Second, our measure of lived poverty consists of several short subjective/ perceptual items placed on relatively small sample surveys. Yet it obtains virtually the same cross national and cross provincial results as measures generally preferred by economists that are based either on national account data (GNP per capita) or on massive and intrusive household surveys of household income, expenditure, infrastructure and circumstances). But the cost of such surveys usually means that they are undertaken relatively infrequently in developing countries. In contrast, the Lived Poverty Index can be used more frequently on surveys of relatively small samples. This enables policy makers to track reliably national and sub-national trends in the overall extent of lived poverty or of its subcomponents such as hunger. And because it is relatively short in length, the Index can be placed on several different types of surveys and allow poverty researchers to examine linkages of poverty and other elements of well beings, as various types of economic, social and political behaviour.

Third, not only do we find quite extensive levels of lived poverty in Southern Africa, we also find that social capital networks (in the form of survival strategies) are quite limited. Most people can rely on just one strategy to obtain basic necessities such as food, home security, cash or health care. While only small proportions can be considered to be "helpless" in that they have no primary survival strategy, large proportions are "vulnerable" to external shocks in that they have no backup strategies in case their primary ones fail.

Fourth, an examination of specific survival strategies reveals the extremely limited reach of the state across the region.
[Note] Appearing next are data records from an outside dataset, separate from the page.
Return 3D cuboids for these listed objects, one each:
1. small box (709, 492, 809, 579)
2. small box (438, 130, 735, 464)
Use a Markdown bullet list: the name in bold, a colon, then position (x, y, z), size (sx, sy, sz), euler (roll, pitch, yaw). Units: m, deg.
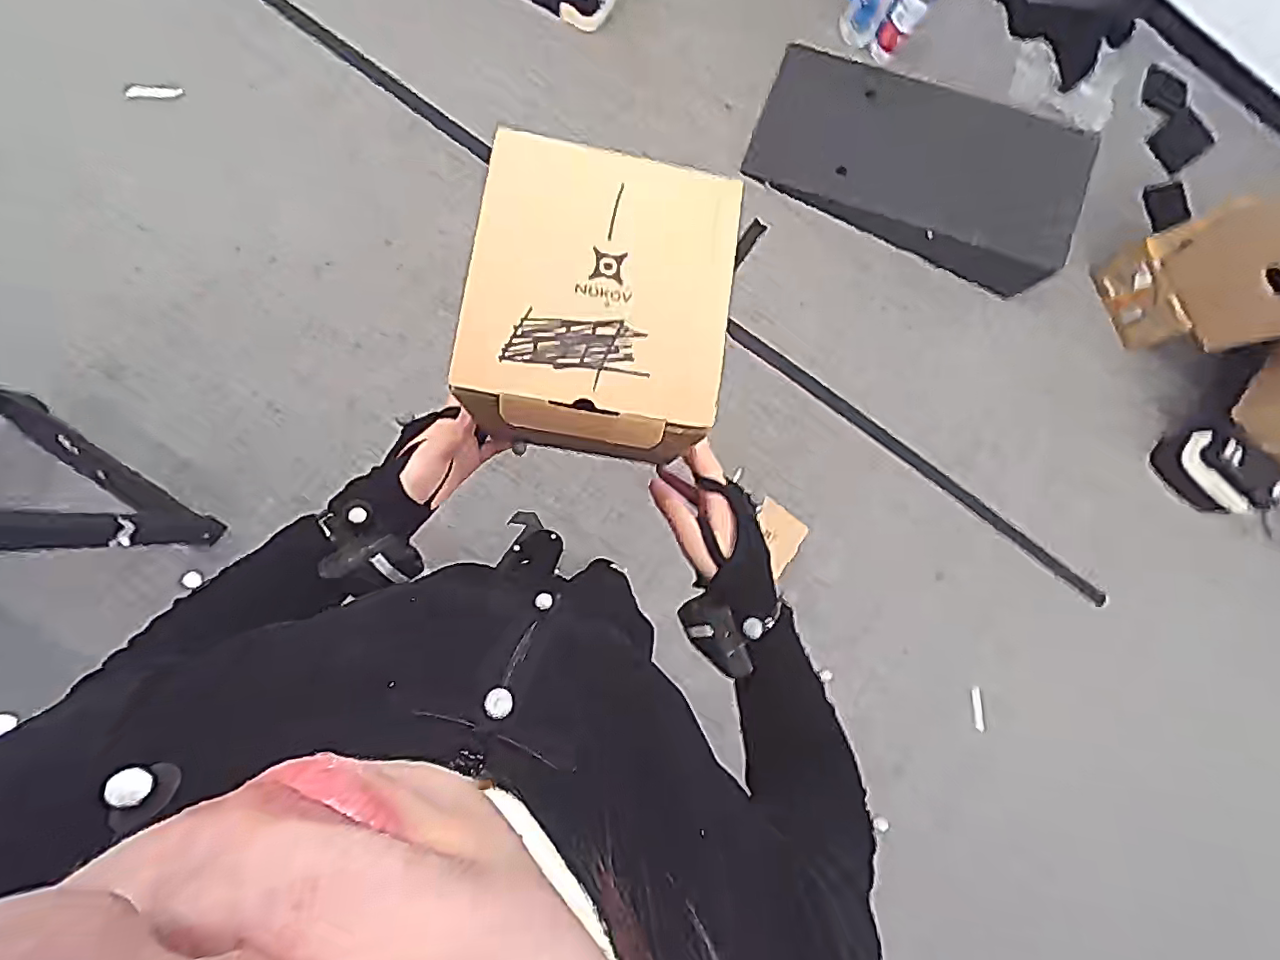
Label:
- **small box**: position (0.321, 0.149, 1.490), size (0.179, 0.176, 0.168), euler (39, 80, -4)
- **small box**: position (-0.039, -0.115, 0.416), size (0.168, 0.176, 0.179), euler (9, 82, -7)

With the exception of health care, few Southern Africans think of government as either a primary or backup source of food, cash or most astonishingly, home security.

Fifth, Southern Africans use a variety of strategies to get by on a daily basis. This type of social capital cannot be neatly summarized by a single indicator such as interpersonal trust or participation in community organizations.
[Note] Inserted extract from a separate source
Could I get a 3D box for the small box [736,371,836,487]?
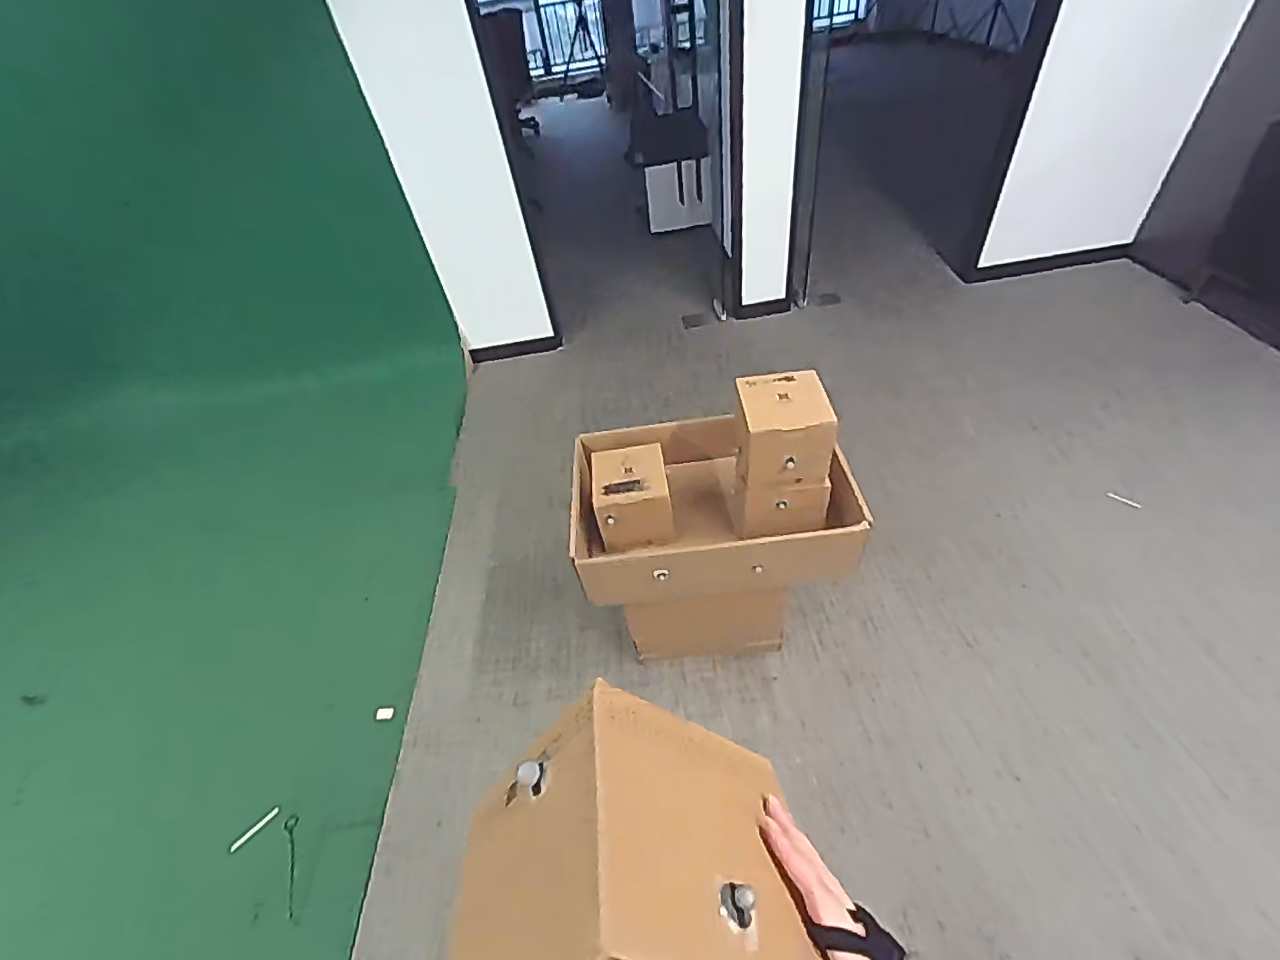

Finally, the Afrobarometer contains the unusual combination in the same survey of both measures of lived poverty and measures of political values and behaviours. In contrast to popular wisdom, we find that, net other correlates such as education and political efficacy, poverty has little observable impact on political values and behaviours. If anything, poverty is associated with increased levels of some forms of political participation.

This suggests that the well established relationship of national wealth and democratic endurance is not a result of micro-level dynamics (e.g. that poor people are less democratic than workers or middle class folk). Rather, it simply may be that poor countries are less able to afford or maintain the things vital to sustainable democracy, ranging from formal state institutions such as quality electoral machinery and a well resourced legislature, to societal institutions such as a effective political parties, an independent news media, and a vibrant web of civil society organizations.


Footnotes:
  1. Robert Mattes is co-founder and co-Director of the Afrobarometer. He is also Associate Professor in the Department of Political Studies, and Director of the Democracy In Africa Research Unit in the Centre for Social Science Research at the University of Cape Town.
  2. Michael Bratton is co-founder and co-Director of the Afrobarometer. He is also Professor in the Department of Political Science at Michigan State University.
  3. Yul Derek Davids is Manager of the Public Opinion Service of the Institute for Democracy in South Africa, and manages Afrobarometer surveys in Southern Africa.